Since Christmas, the President has been waxing sweet on reversing the ugly drift in the living standards of the people. He has promised he would depart from the years of maladministration that have consigned many Nigerians to abject poverty and the country itself to primitive standards. Last week, he said he has been slow in action because he did not want to rush into decisions and implementation only to discover he had made a mistake. And only yesterday, he reiterated his administration would be moving fast in formulating and implementing policies and executing projects that would directly touch many lives and improve living standards.

Of course, only a few Nigerians believed him. That shows how bad government’s image has sunk before the people. And it is telling President Jonathan rhetorics stopped fooling the people a long time ago. What he needs to do is to start showing transparently that the government do care for its people.

For a start, he has missed the first opportunity to do so. The 2013 Appropriation Bill the National Assembly passed in December does not assure Nigerians that government has turned egalitarian. In the 2013 Bill, government and the federal legislators are still placing more concentration on egocentric spending for which recurrent expenditure is gulping N2.38 trillion. Execution of capital projects is once again condemned to suffer with an appropriation of a lower sum of N1.62 trillion.

The Jonathan administration has once again snubbed analysts’ informed position that it needs to exhibit more fiscal discipline on recurrent and devote more funds to capital works. The decay in infrastructure, especially power and roads, has remained and government’s annual promises to fix them have been unfulfilled, mainly because there are never funds to do so. When little funds are available, large-scale corruption in the Jonathan administration, which even the United States of America’s government has confirmed to exist, has rendered projection execution poor or even impossible. Without solid infrastuctural development, the Nigerian economy will never grow in practical terms. And the living standards of the people will always be the worse for it.
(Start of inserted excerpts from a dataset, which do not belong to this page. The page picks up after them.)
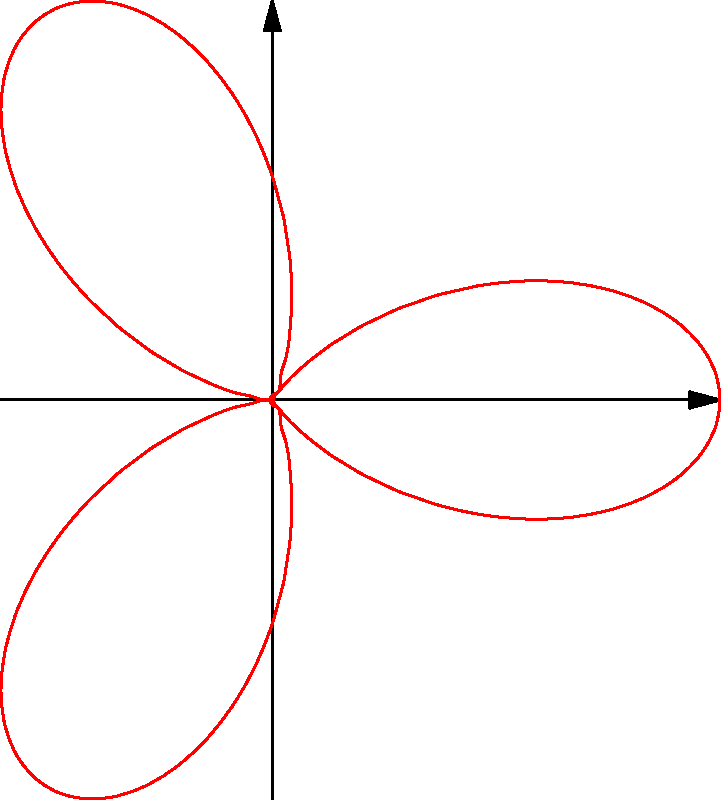As a Grade 1 teacher, you want to introduce your students to simple shapes using polar coordinates. Which equation would you use to create a simple flower shape with three petals, as shown in the graph above?

a) $r = 1 + \cos(2\theta)$
b) $r = 1 + \cos(3\theta)$
c) $r = 1 + \sin(3\theta)$
d) $r = 1 + \sin(2\theta)$ Let's break this down step-by-step:

1) The graph shows a flower-like shape with three distinct petals.

2) In polar coordinates, the general equation for creating petal-like shapes is $r = 1 + \cos(n\theta)$ or $r = 1 + \sin(n\theta)$, where $n$ determines the number of petals.

3) To get three petals, we need $n = 3$.

4) Looking at the shape, we can see that the petals are aligned with the x-axis, which is characteristic of a cosine function rather than a sine function.

5) Therefore, the equation we're looking for should be in the form $r = 1 + \cos(3\theta)$.

6) This matches option b) in the question.

As a Grade 1 teacher, you could simplify this for your students by describing it as "a circle that gets bigger and smaller three times as you go around it," which creates the flower shape.
Answer: b) $r = 1 + \cos(3\theta)$ 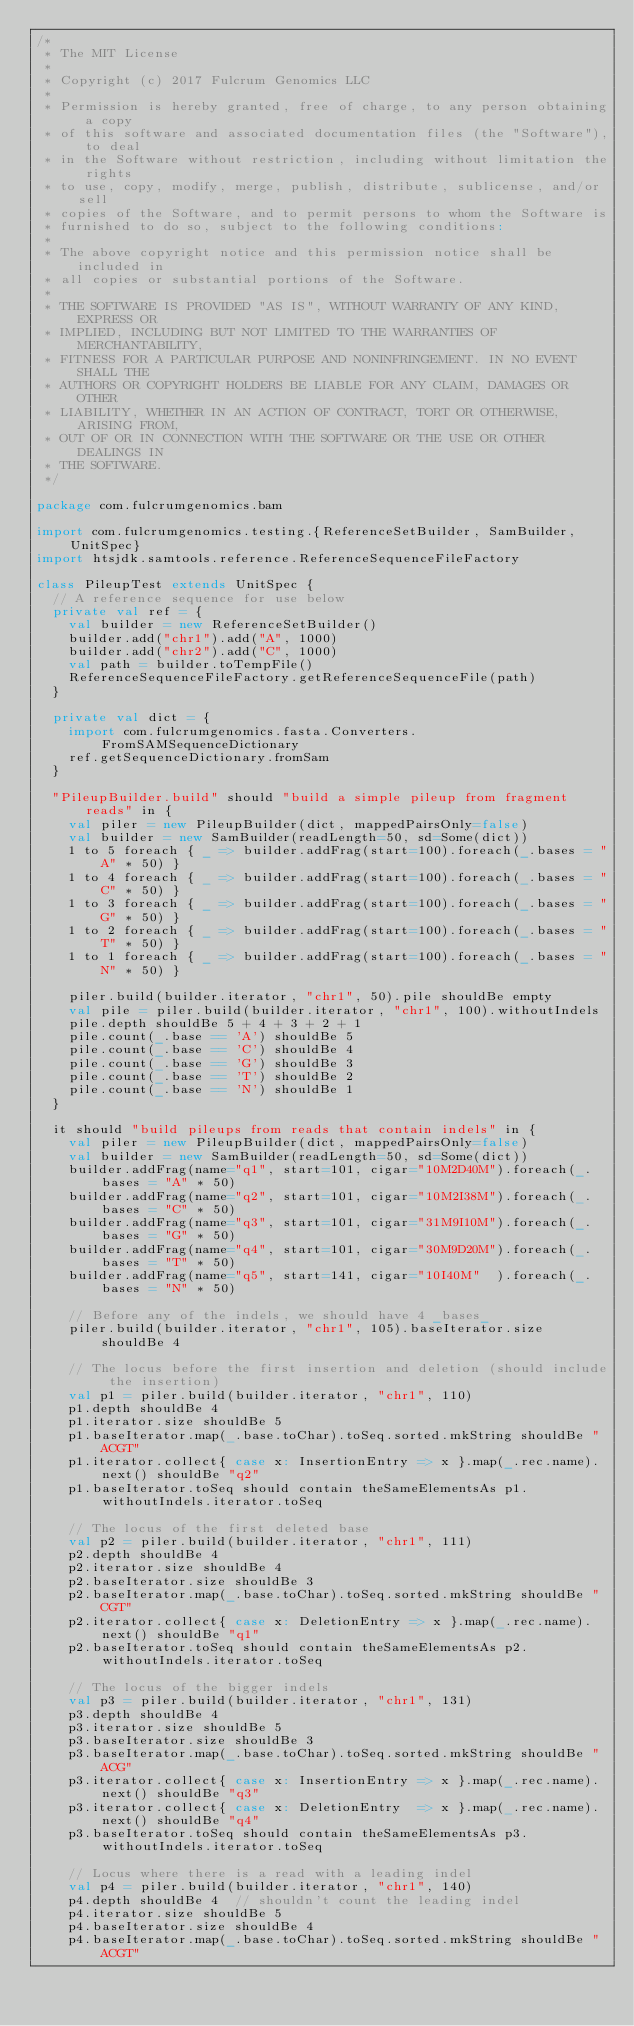Convert code to text. <code><loc_0><loc_0><loc_500><loc_500><_Scala_>/*
 * The MIT License
 *
 * Copyright (c) 2017 Fulcrum Genomics LLC
 *
 * Permission is hereby granted, free of charge, to any person obtaining a copy
 * of this software and associated documentation files (the "Software"), to deal
 * in the Software without restriction, including without limitation the rights
 * to use, copy, modify, merge, publish, distribute, sublicense, and/or sell
 * copies of the Software, and to permit persons to whom the Software is
 * furnished to do so, subject to the following conditions:
 *
 * The above copyright notice and this permission notice shall be included in
 * all copies or substantial portions of the Software.
 *
 * THE SOFTWARE IS PROVIDED "AS IS", WITHOUT WARRANTY OF ANY KIND, EXPRESS OR
 * IMPLIED, INCLUDING BUT NOT LIMITED TO THE WARRANTIES OF MERCHANTABILITY,
 * FITNESS FOR A PARTICULAR PURPOSE AND NONINFRINGEMENT. IN NO EVENT SHALL THE
 * AUTHORS OR COPYRIGHT HOLDERS BE LIABLE FOR ANY CLAIM, DAMAGES OR OTHER
 * LIABILITY, WHETHER IN AN ACTION OF CONTRACT, TORT OR OTHERWISE, ARISING FROM,
 * OUT OF OR IN CONNECTION WITH THE SOFTWARE OR THE USE OR OTHER DEALINGS IN
 * THE SOFTWARE.
 */

package com.fulcrumgenomics.bam

import com.fulcrumgenomics.testing.{ReferenceSetBuilder, SamBuilder, UnitSpec}
import htsjdk.samtools.reference.ReferenceSequenceFileFactory

class PileupTest extends UnitSpec {
  // A reference sequence for use below
  private val ref = {
    val builder = new ReferenceSetBuilder()
    builder.add("chr1").add("A", 1000)
    builder.add("chr2").add("C", 1000)
    val path = builder.toTempFile()
    ReferenceSequenceFileFactory.getReferenceSequenceFile(path)
  }

  private val dict = {
    import com.fulcrumgenomics.fasta.Converters.FromSAMSequenceDictionary
    ref.getSequenceDictionary.fromSam
  }

  "PileupBuilder.build" should "build a simple pileup from fragment reads" in {
    val piler = new PileupBuilder(dict, mappedPairsOnly=false)
    val builder = new SamBuilder(readLength=50, sd=Some(dict))
    1 to 5 foreach { _ => builder.addFrag(start=100).foreach(_.bases = "A" * 50) }
    1 to 4 foreach { _ => builder.addFrag(start=100).foreach(_.bases = "C" * 50) }
    1 to 3 foreach { _ => builder.addFrag(start=100).foreach(_.bases = "G" * 50) }
    1 to 2 foreach { _ => builder.addFrag(start=100).foreach(_.bases = "T" * 50) }
    1 to 1 foreach { _ => builder.addFrag(start=100).foreach(_.bases = "N" * 50) }

    piler.build(builder.iterator, "chr1", 50).pile shouldBe empty
    val pile = piler.build(builder.iterator, "chr1", 100).withoutIndels
    pile.depth shouldBe 5 + 4 + 3 + 2 + 1
    pile.count(_.base == 'A') shouldBe 5
    pile.count(_.base == 'C') shouldBe 4
    pile.count(_.base == 'G') shouldBe 3
    pile.count(_.base == 'T') shouldBe 2
    pile.count(_.base == 'N') shouldBe 1
  }

  it should "build pileups from reads that contain indels" in {
    val piler = new PileupBuilder(dict, mappedPairsOnly=false)
    val builder = new SamBuilder(readLength=50, sd=Some(dict))
    builder.addFrag(name="q1", start=101, cigar="10M2D40M").foreach(_.bases = "A" * 50)
    builder.addFrag(name="q2", start=101, cigar="10M2I38M").foreach(_.bases = "C" * 50)
    builder.addFrag(name="q3", start=101, cigar="31M9I10M").foreach(_.bases = "G" * 50)
    builder.addFrag(name="q4", start=101, cigar="30M9D20M").foreach(_.bases = "T" * 50)
    builder.addFrag(name="q5", start=141, cigar="10I40M"  ).foreach(_.bases = "N" * 50)

    // Before any of the indels, we should have 4 _bases_
    piler.build(builder.iterator, "chr1", 105).baseIterator.size shouldBe 4

    // The locus before the first insertion and deletion (should include the insertion)
    val p1 = piler.build(builder.iterator, "chr1", 110)
    p1.depth shouldBe 4
    p1.iterator.size shouldBe 5
    p1.baseIterator.map(_.base.toChar).toSeq.sorted.mkString shouldBe "ACGT"
    p1.iterator.collect{ case x: InsertionEntry => x }.map(_.rec.name).next() shouldBe "q2"
    p1.baseIterator.toSeq should contain theSameElementsAs p1.withoutIndels.iterator.toSeq

    // The locus of the first deleted base
    val p2 = piler.build(builder.iterator, "chr1", 111)
    p2.depth shouldBe 4
    p2.iterator.size shouldBe 4
    p2.baseIterator.size shouldBe 3
    p2.baseIterator.map(_.base.toChar).toSeq.sorted.mkString shouldBe "CGT"
    p2.iterator.collect{ case x: DeletionEntry => x }.map(_.rec.name).next() shouldBe "q1"
    p2.baseIterator.toSeq should contain theSameElementsAs p2.withoutIndels.iterator.toSeq

    // The locus of the bigger indels
    val p3 = piler.build(builder.iterator, "chr1", 131)
    p3.depth shouldBe 4
    p3.iterator.size shouldBe 5
    p3.baseIterator.size shouldBe 3
    p3.baseIterator.map(_.base.toChar).toSeq.sorted.mkString shouldBe "ACG"
    p3.iterator.collect{ case x: InsertionEntry => x }.map(_.rec.name).next() shouldBe "q3"
    p3.iterator.collect{ case x: DeletionEntry  => x }.map(_.rec.name).next() shouldBe "q4"
    p3.baseIterator.toSeq should contain theSameElementsAs p3.withoutIndels.iterator.toSeq

    // Locus where there is a read with a leading indel
    val p4 = piler.build(builder.iterator, "chr1", 140)
    p4.depth shouldBe 4  // shouldn't count the leading indel
    p4.iterator.size shouldBe 5
    p4.baseIterator.size shouldBe 4
    p4.baseIterator.map(_.base.toChar).toSeq.sorted.mkString shouldBe "ACGT"</code> 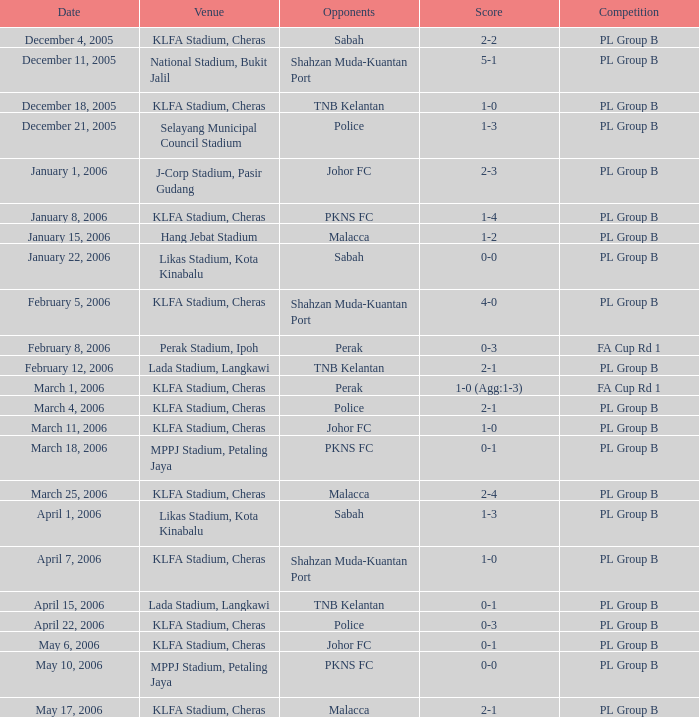Which Competition has a Score of 0-1, and Opponents of pkns fc? PL Group B. Write the full table. {'header': ['Date', 'Venue', 'Opponents', 'Score', 'Competition'], 'rows': [['December 4, 2005', 'KLFA Stadium, Cheras', 'Sabah', '2-2', 'PL Group B'], ['December 11, 2005', 'National Stadium, Bukit Jalil', 'Shahzan Muda-Kuantan Port', '5-1', 'PL Group B'], ['December 18, 2005', 'KLFA Stadium, Cheras', 'TNB Kelantan', '1-0', 'PL Group B'], ['December 21, 2005', 'Selayang Municipal Council Stadium', 'Police', '1-3', 'PL Group B'], ['January 1, 2006', 'J-Corp Stadium, Pasir Gudang', 'Johor FC', '2-3', 'PL Group B'], ['January 8, 2006', 'KLFA Stadium, Cheras', 'PKNS FC', '1-4', 'PL Group B'], ['January 15, 2006', 'Hang Jebat Stadium', 'Malacca', '1-2', 'PL Group B'], ['January 22, 2006', 'Likas Stadium, Kota Kinabalu', 'Sabah', '0-0', 'PL Group B'], ['February 5, 2006', 'KLFA Stadium, Cheras', 'Shahzan Muda-Kuantan Port', '4-0', 'PL Group B'], ['February 8, 2006', 'Perak Stadium, Ipoh', 'Perak', '0-3', 'FA Cup Rd 1'], ['February 12, 2006', 'Lada Stadium, Langkawi', 'TNB Kelantan', '2-1', 'PL Group B'], ['March 1, 2006', 'KLFA Stadium, Cheras', 'Perak', '1-0 (Agg:1-3)', 'FA Cup Rd 1'], ['March 4, 2006', 'KLFA Stadium, Cheras', 'Police', '2-1', 'PL Group B'], ['March 11, 2006', 'KLFA Stadium, Cheras', 'Johor FC', '1-0', 'PL Group B'], ['March 18, 2006', 'MPPJ Stadium, Petaling Jaya', 'PKNS FC', '0-1', 'PL Group B'], ['March 25, 2006', 'KLFA Stadium, Cheras', 'Malacca', '2-4', 'PL Group B'], ['April 1, 2006', 'Likas Stadium, Kota Kinabalu', 'Sabah', '1-3', 'PL Group B'], ['April 7, 2006', 'KLFA Stadium, Cheras', 'Shahzan Muda-Kuantan Port', '1-0', 'PL Group B'], ['April 15, 2006', 'Lada Stadium, Langkawi', 'TNB Kelantan', '0-1', 'PL Group B'], ['April 22, 2006', 'KLFA Stadium, Cheras', 'Police', '0-3', 'PL Group B'], ['May 6, 2006', 'KLFA Stadium, Cheras', 'Johor FC', '0-1', 'PL Group B'], ['May 10, 2006', 'MPPJ Stadium, Petaling Jaya', 'PKNS FC', '0-0', 'PL Group B'], ['May 17, 2006', 'KLFA Stadium, Cheras', 'Malacca', '2-1', 'PL Group B']]} 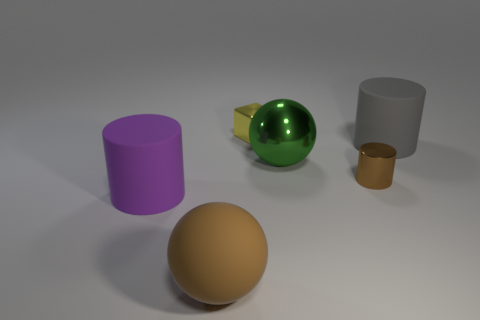Are the big brown object and the small block made of the same material?
Keep it short and to the point. No. Is the number of objects on the right side of the purple object the same as the number of small shiny objects right of the yellow object?
Offer a terse response. No. Is there a object to the right of the large cylinder right of the large purple matte object left of the large brown thing?
Offer a terse response. No. Does the gray rubber thing have the same size as the brown cylinder?
Your response must be concise. No. What is the color of the thing that is behind the large rubber cylinder on the right side of the large matte thing in front of the large purple thing?
Your answer should be very brief. Yellow. How many big shiny objects are the same color as the small metal cylinder?
Make the answer very short. 0. What number of tiny objects are either brown balls or blue matte spheres?
Provide a short and direct response. 0. Is there a yellow matte object of the same shape as the large green thing?
Provide a succinct answer. No. Does the gray rubber object have the same shape as the yellow object?
Provide a succinct answer. No. There is a matte thing to the right of the large ball that is on the left side of the green metallic object; what color is it?
Your answer should be very brief. Gray. 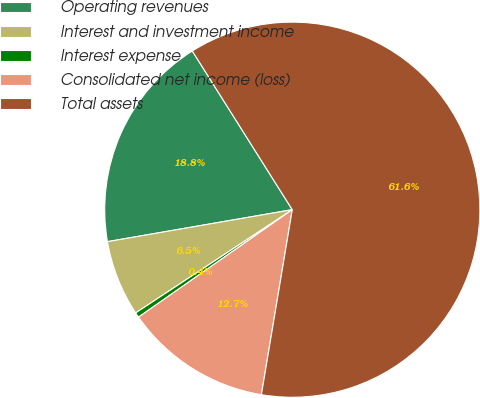Convert chart to OTSL. <chart><loc_0><loc_0><loc_500><loc_500><pie_chart><fcel>Operating revenues<fcel>Interest and investment income<fcel>Interest expense<fcel>Consolidated net income (loss)<fcel>Total assets<nl><fcel>18.78%<fcel>6.55%<fcel>0.43%<fcel>12.66%<fcel>61.58%<nl></chart> 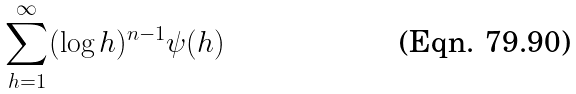Convert formula to latex. <formula><loc_0><loc_0><loc_500><loc_500>\sum _ { h = 1 } ^ { \infty } ( \log h ) ^ { n - 1 } { \psi ( h ) }</formula> 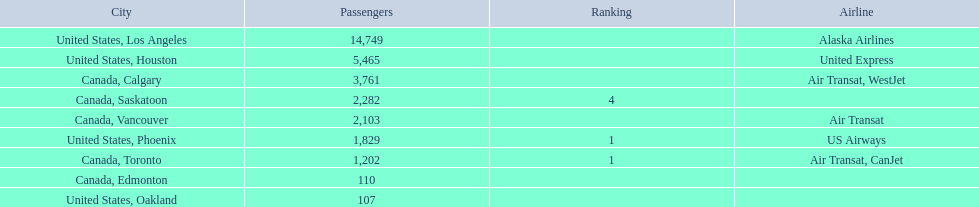What is the average number of passengers in the united states? 5537.5. 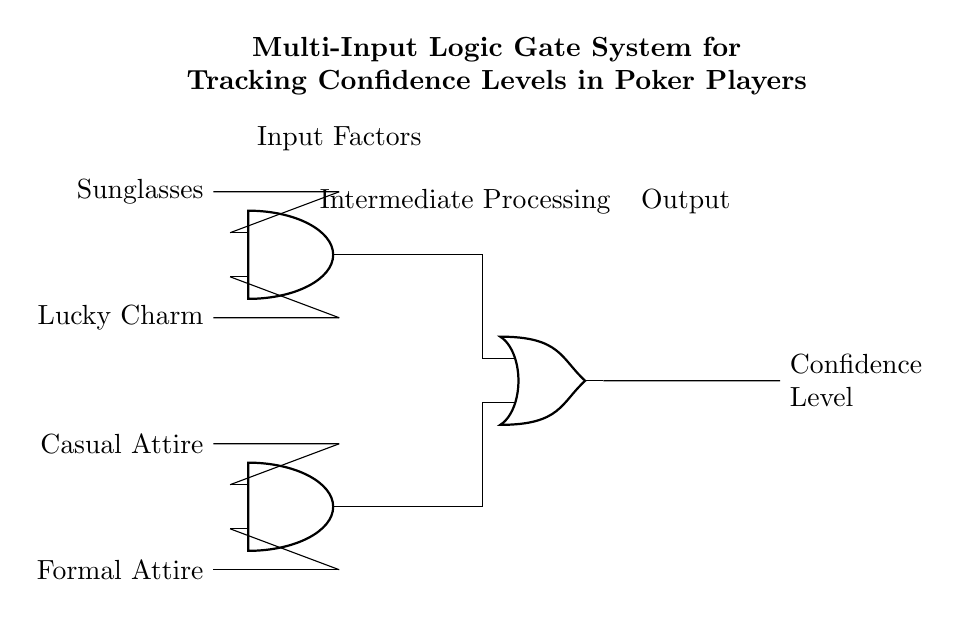What are the input factors in this circuit? The circuit diagram shows four input factors labeled as Formal Attire, Casual Attire, Lucky Charm, and Sunglasses. These are the variables being analyzed for their effect on confidence levels.
Answer: Formal Attire, Casual Attire, Lucky Charm, Sunglasses What type of logic gates are used in the circuit? The circuit uses AND gates for intermediate processing of certain combinations of inputs and an OR gate to combine the outputs of the AND gates. This indicates that the circuit processes inputs using both types of logic gates.
Answer: AND, OR How many AND gates are present in the circuit? The diagram explicitly shows two AND gates located between the input and output sections of the circuit. Each AND gate takes inputs from different sources.
Answer: Two What is the output of the logic gate system? The output of the system is labeled as "Confidence Level," which is the main result obtained after processing the input factors through the logic gates. This represents the overall confidence levels in poker players based on their attire.
Answer: Confidence Level How many inputs does each AND gate have? Each AND gate in this circuit has two inputs, as indicated by their connection points labeled in the diagram. This setup allows each gate to analyze pairs of input factors simultaneously.
Answer: Two What is the purpose of the OR gate in this circuit? The OR gate serves to combine the outputs from the two AND gates. If either AND gate produces a high output, the OR gate will indicate a high confidence level. It aggregates the results of the preliminary logic operations.
Answer: To combine outputs

Jonathan must immediately start showing he has the will to battle the corruption monster. He needs to patently punish corruption within his cabinet and other sectors before Nigerians can start taking him seriously. So long as he continues to mother-hen corrupt ministers and other aides, his adnministration will never move fast, as he has promised, to implement any serious policy or execute any meaningful project for the people.

Happy New Year for Nigerians? It depends on how “born-again” the Jonathan adminsitration has become in its overall  management of the economy. Since he became president, the management has been, to say it bluntly, bad. Jonathan himself has been inept, his aides are widely believed to be corrupt and the federal legislators have been too greedy and self-centred. The challenge before the president is how to muster the will to make himself and others directly responsible for making Nigeria work.